The Helihike, Franz Joseph Glacier, Nov 28

The way J tells it, I tried to kill her. I forced her to walk two hours over blue ice half way up the glacier. The problem, J reckons, is that her legs are too short, and the deep crevasses in the perfect blue ice a tad too wide.

You see the picture unfolding.

Most of the day was perfect. It rains about 6 metres a year here - but this day was glorious powder blue cloudless sky. True,health and safety reminded me of Asia, as the blonde YOP's pre-flight safety talk was obliterated by the whirring of the helicopter blades. True, our guide on the ice was Pearl, a 20-something Kiwi, kitted out in shorts and T-shirt, springing across the ice like a mountain goat.

It started well. We got used to the crampons. We slithered on our backs down ice slides and posed with our picks in ice caves.


Up we went, higher and higher. The great ice blocks around us became mountainous, the crevasses deeper and wider. The ice is 30-50 metres deep in places; the blue ice the most dense compacted over the years, sucking in all light except blue.



The moment came when our guide Pearl tried to squeeze us through a tiny gap in an ice wall to a descent of some 2/3 metres. The ice was too hard to carve out steps with her axe and she screwed in a rope to the ice wall. I was right behind and slithered into a tiny ice crack, just managing to haul myself down the rope.

Behind me I heard a noise, and as I turned there was J hurtling towards us. she managed in mid air to throw away her ice pick and somehow pivot so that she landed with a sickening thud on her side. For a heart-stopping moment she said nothing - telling me later she was running through the check-list of limbs for breakages. Amazingly nothing was broken. J's years of hockey goalkeeping saved her. As she felt herself falling towards Pearl and me she had the presence of mind to chuck the icepick away from us and twist in the air so that she did not hit the ice arms and face first.




Shaken and bruised, but somehow nothing worse.


Although that has not stopped her telling all & sundry that I tried to kill her...again.

A bit of chocolate, a nothing-else-for-it mentality and she was back on her feet, as unbelievably Pearl tried to hack her way still higher up the ice mountain.

In total the ice walk was just over two hours but from that point on it felt like an age before we finally made it back to the ice helipad. To all mountaineers and ice climbers, even bigger respect. As J put it - it's very real out there. It's not Disney.
Pic: still smiling at the end of the glacier walk...
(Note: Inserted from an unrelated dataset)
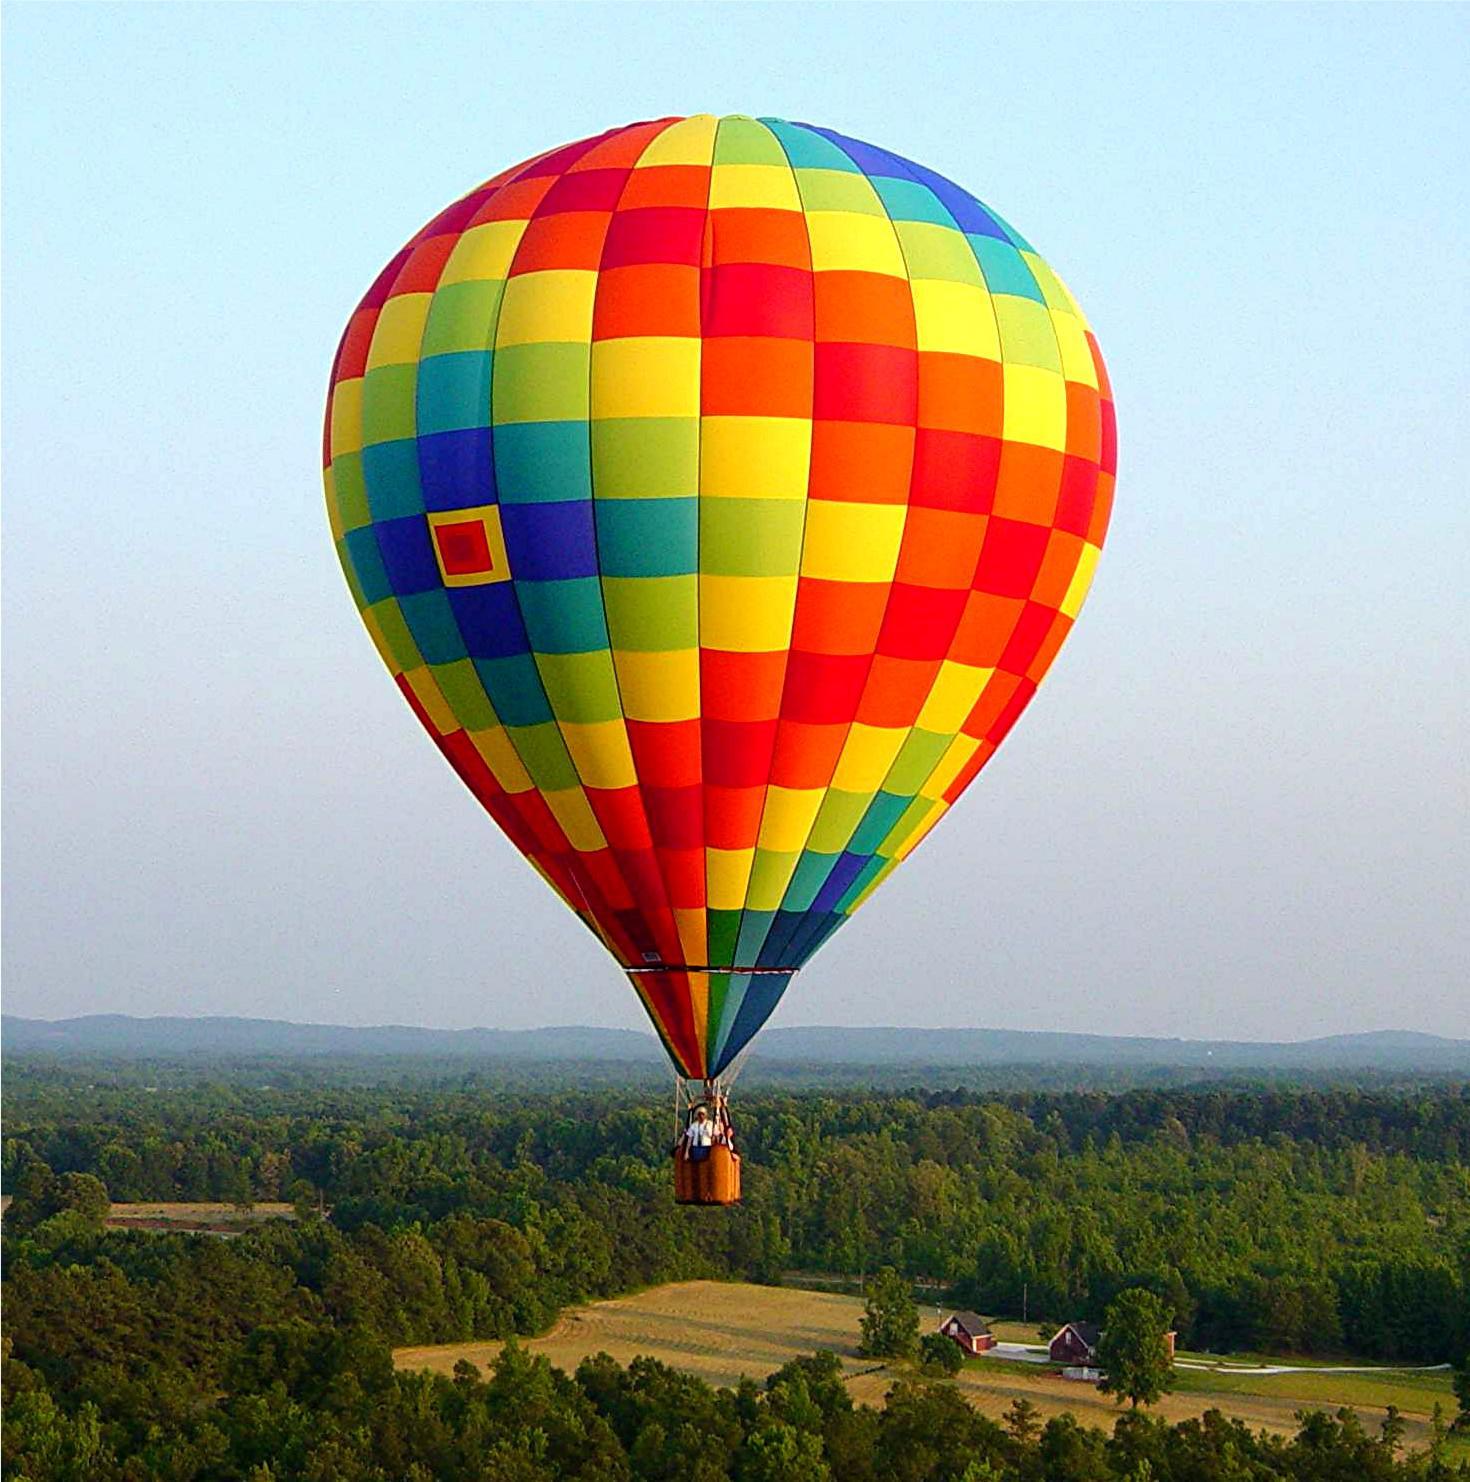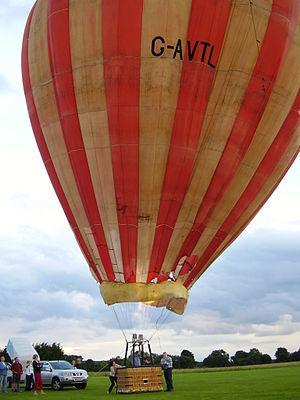The first image is the image on the left, the second image is the image on the right. For the images shown, is this caption "Left image shows a balloon with multi-colored squarish shapes." true? Answer yes or no. Yes. The first image is the image on the left, the second image is the image on the right. For the images displayed, is the sentence "One hot air balloon is sitting on a grassy area and one is floating in the air." factually correct? Answer yes or no. Yes.

PS: anonymous commented on one of our recent blogs:
'your public is impressed'
A little later anonymous posted again:
'sorry that should read 'unimpressed'...

Whoever you are, keep posting

3 comments:

Anonymous said...

Our little sojourn to the lake district winter wonderland had one similarity...a hard landing. Not that we're jealous...

Maggie&Jenks said...

Anonymous - are you Lynda?
Or Steff?
You could be Di?

J'smoney is on Steff

Anonymous said...

Anonymous is the disembodied voice of your public and has no other identity. As you have decided to post a blog, you have a responsibility to your public to provide us with updates at regular intervals. It is the least you can do to reward the loyalty of those who visit at regular intervals. However, recent updates have redressed the balance a little and your public is now prepared to continue checking the blog for a little while longer....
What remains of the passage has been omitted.